_INSTRUCTIONS TO FOLLOW_
When you have gone through the entries below, state how many lines include the word "these" and write nothing else.

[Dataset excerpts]
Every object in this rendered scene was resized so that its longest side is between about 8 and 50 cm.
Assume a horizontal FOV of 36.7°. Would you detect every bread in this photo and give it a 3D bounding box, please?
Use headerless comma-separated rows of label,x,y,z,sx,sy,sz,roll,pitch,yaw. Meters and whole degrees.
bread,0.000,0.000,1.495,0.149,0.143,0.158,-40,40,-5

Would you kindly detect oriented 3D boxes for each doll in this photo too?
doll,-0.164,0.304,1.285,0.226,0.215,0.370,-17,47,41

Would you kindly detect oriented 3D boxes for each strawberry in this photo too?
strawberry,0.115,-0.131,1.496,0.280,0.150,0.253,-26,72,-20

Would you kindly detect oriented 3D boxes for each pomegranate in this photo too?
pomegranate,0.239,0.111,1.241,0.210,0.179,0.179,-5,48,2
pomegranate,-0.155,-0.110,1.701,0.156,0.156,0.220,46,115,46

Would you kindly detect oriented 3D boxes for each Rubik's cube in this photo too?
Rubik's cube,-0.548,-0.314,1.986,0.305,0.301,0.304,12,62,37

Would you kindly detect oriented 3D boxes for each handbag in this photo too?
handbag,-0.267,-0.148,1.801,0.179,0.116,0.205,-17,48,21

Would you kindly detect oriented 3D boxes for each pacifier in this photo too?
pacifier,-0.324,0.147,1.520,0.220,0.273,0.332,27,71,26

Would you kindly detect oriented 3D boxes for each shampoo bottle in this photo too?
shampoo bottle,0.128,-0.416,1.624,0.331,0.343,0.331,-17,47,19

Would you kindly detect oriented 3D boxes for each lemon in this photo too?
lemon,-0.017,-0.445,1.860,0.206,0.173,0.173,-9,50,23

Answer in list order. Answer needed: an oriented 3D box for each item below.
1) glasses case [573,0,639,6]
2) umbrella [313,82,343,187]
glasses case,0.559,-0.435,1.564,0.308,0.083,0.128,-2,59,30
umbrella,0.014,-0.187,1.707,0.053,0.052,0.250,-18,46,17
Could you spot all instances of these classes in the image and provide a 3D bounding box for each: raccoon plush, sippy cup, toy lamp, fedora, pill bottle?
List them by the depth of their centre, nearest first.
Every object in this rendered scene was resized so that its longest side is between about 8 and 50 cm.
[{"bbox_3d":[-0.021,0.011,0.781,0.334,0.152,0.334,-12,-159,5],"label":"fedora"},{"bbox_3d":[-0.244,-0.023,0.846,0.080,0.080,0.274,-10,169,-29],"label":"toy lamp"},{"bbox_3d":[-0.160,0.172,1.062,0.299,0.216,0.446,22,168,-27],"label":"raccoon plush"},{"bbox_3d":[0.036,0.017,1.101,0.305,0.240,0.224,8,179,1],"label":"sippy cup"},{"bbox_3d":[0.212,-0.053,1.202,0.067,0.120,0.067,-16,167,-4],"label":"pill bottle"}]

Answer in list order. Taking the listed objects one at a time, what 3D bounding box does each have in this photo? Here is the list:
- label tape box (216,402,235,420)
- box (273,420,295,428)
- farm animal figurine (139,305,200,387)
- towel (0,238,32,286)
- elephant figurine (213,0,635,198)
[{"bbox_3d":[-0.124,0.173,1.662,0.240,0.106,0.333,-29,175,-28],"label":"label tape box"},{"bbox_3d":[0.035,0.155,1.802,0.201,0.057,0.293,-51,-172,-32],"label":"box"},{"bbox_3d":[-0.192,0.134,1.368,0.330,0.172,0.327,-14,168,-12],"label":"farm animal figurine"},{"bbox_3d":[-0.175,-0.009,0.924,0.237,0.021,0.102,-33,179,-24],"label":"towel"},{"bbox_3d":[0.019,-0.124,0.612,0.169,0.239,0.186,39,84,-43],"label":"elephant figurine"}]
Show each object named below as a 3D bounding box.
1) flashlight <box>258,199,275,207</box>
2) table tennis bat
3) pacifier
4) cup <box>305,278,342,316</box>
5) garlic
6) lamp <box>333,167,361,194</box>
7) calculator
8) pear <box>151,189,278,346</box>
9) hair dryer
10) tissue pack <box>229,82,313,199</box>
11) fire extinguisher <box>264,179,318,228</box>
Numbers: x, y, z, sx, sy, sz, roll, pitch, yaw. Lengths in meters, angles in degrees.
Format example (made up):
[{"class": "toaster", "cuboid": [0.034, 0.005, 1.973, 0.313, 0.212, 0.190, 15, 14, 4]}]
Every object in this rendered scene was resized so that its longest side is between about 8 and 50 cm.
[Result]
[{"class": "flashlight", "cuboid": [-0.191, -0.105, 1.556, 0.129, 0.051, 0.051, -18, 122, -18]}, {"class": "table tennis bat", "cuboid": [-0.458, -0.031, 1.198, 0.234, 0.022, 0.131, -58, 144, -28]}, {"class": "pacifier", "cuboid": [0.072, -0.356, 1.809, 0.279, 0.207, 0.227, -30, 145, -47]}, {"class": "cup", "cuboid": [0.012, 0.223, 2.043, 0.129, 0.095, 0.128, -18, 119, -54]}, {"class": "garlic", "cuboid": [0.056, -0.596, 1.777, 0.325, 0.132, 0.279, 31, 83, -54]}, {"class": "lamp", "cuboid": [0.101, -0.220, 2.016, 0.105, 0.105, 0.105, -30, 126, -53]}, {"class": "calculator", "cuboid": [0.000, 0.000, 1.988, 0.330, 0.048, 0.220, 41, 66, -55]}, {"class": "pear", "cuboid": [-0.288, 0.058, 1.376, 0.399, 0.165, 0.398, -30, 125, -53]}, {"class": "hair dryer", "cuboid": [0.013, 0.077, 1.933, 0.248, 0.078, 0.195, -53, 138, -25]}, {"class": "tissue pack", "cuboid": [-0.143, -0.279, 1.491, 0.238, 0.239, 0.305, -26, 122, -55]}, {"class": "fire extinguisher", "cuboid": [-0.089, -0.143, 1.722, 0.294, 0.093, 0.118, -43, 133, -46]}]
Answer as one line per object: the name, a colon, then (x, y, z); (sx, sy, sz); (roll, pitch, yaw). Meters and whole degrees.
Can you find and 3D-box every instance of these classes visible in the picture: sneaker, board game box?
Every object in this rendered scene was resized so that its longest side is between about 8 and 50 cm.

_RESULT BELOW_
2